On Fri, 9 May 2003 enrico.sirola_at_[hidden] wrote:
> I'm trying to port a PVM application to lam. This is an application for
> a distributed montecarlo which works as follows, using a master/slave
> paradigm and point-to-point communication with slaves: the master is a
> python script, which reads data from different data sources, then
> instance the "true" PVM master application, which a c++ class wrapped to
> python. Then the c++ extension class starts the PVM machinery and begin
> spawning slaves telling each slave how many paths to compute, when a
> slave finishes its job, it reports to the master and exits, so the
> master spawns a new slave, and so on until the calculation is ended.
Sounds reasonable.
> While trying to port this application to lam, I used the following
> approach:
>
> 0. the master starts
> 1. then spawns a number of processes
> 2. the master merges the just created intercommunicator with its
> MPI::COMM_WORLD
> 3. the master sends initialization data to the clients, using
> the new intracommunicator
> 4. the client(s) start calculating, while the master blocks in a
> MPI_Recv()
You might want to change this step a little -- from your description, it
sounds like this will force a serialization of the process.
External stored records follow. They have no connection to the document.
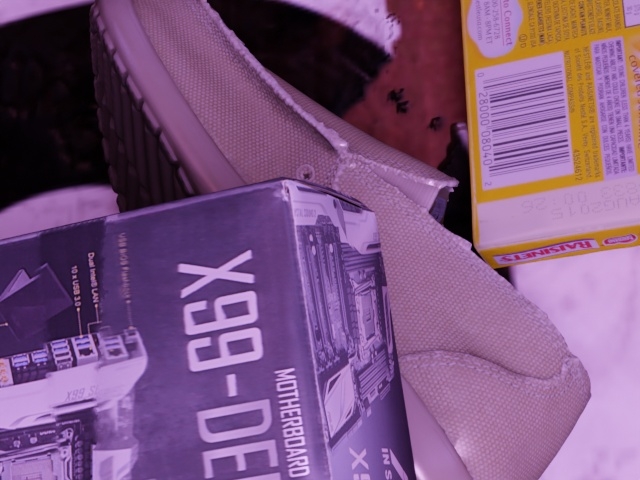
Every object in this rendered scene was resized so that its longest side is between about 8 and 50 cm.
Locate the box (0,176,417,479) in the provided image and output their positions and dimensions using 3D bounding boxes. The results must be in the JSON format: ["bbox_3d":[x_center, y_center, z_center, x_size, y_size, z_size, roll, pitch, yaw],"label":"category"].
[{"bbox_3d":[-0.085,0.156,0.519,0.242,0.076,0.307,-13,79,19],"label":"box"}]

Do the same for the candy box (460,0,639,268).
[{"bbox_3d":[0.105,-0.094,0.723,0.105,0.027,0.206,-8,65,16],"label":"candy box"}]

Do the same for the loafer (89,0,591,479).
[{"bbox_3d":[0.000,0.000,0.688,0.092,0.102,0.268,-23,58,-21],"label":"loafer"}]
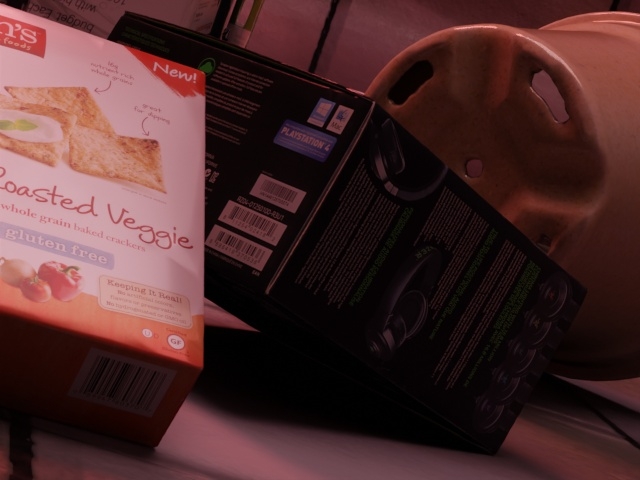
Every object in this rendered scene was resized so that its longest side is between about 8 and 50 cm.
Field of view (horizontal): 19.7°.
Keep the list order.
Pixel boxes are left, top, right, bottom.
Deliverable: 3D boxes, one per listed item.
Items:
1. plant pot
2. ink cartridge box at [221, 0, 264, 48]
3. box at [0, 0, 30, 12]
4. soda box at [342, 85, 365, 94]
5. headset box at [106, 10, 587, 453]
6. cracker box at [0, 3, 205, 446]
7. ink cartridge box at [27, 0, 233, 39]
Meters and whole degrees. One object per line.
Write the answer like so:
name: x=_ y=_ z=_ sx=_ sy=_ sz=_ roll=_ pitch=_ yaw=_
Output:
plant pot: x=0.180 y=-0.048 z=1.534 sx=0.333 sy=0.334 sz=0.305 roll=22 pitch=8 yaw=29
ink cartridge box: x=-0.053 y=-0.098 z=1.590 sx=0.097 sy=0.255 sz=0.189 roll=18 pitch=6 yaw=-11
box: x=-0.364 y=-0.163 z=1.368 sx=0.270 sy=0.216 sz=0.060 roll=16 pitch=6 yaw=-27
soda box: x=0.015 y=-0.043 z=1.663 sx=0.069 sy=0.074 sz=0.216 roll=16 pitch=44 yaw=-29
headset box: x=0.000 y=0.000 z=1.190 sx=0.246 sy=0.131 sz=0.283 roll=24 pitch=-9 yaw=44
cracker box: x=-0.140 y=-0.019 z=0.935 sx=0.155 sy=0.067 sz=0.232 roll=17 pitch=39 yaw=-18
ink cartridge box: x=-0.229 y=-0.234 z=1.621 sx=0.285 sy=0.395 sz=0.166 roll=20 pitch=3 yaw=8

You might
want to use MPI_Irecv and get an MPI_Request out of it. Then you can go
do other things while the client is computing (e.g., go spawn more
clients), and periodically do an MPI_Test or MPI_Wait to see if the
request has finished (assumedly, you'll build up an array of MPI_Requests,
one for each outstanding client, or perhaps just a single receive using
MPI_ANY_SOURCE).
Just a suggestion.
> 5. one of the clients finishes its job, and issues a MPI_Send
> 6. the master receives the calculated data
> 7. the client exit the MPI_Send(), then exits
> 8. return to 1. spwaning 1 new process only.
>
> the problem is the master crashes just after 8. here is what i get
> if I print some log messages on console:
>
> sending exit code <--- slave is going to exit
> sending to 0 <--- sending exit code to master
> sent to 0 <--- sent
> received message from 1 of size 65 <--- master is receiving exit code
> reveived from 1 <--- done
> Process 0 finished on sirola01.ge.risk <--- master collecting
> results from slave
> 2 paths added
> 0 failures so far
> sent exit code <--- slave before MPI_Finalize()
> CHILD EXITING <--- slave after MPI_Finalize()
> MPI_Recv: process in local group is dead (rank 0, comm 3) <--- lam complains about a process exiting?
> spawning 1 child(s) with tag 1... from tag 0Rank (0, MPI_COMM_WORLD): <--- master tries to spawn a new process, and crashes (lam traceback follows)
> Call stack within LAM:
> Rank (0, MPI_COMM_WORLD): - MPI_Recv()
> Rank (0, MPI_COMM_WORLD): - MPI_Reduce()
> Rank (0, MPI_COMM_WORLD): - MPI_Comm_spawn()
> Rank (0, MPI_COMM_WORLD): - main()
>
> At this point, I am clueless. Does lam support this behavior from the
> master/slave programs, i.e. slaves exiting before master and then master
> spawning news slaves? I hope some lam guru (or maybe just someone who
> isn't a newbie like i am) will help.
Yes, LAM supports this.
However, it sounds like you are using MPI slightly incorrectly. What
communicator are you using in the spawn call? The specific error
message that LAM is giving you is saying that you are spawning over a
communicator that now has a dead process in it. I suspect that this
means that you're using a communicator that used to contain a child,
but that child has now exited.
The overriding principle here is that once a child exits, you can
never use that communicator again. Even better -- you should probably
free the intercommunicator that you got back from MPI_Comm_spawn (and
any other communicators that you made from it) when the child exits.
That way, the parent effectively has no memory of that child.
Hope that helps.
--
{+} Jeff Squyres
{+} jsquyres_at_[hidden]
{+} http://www.lam-mpi.org/
|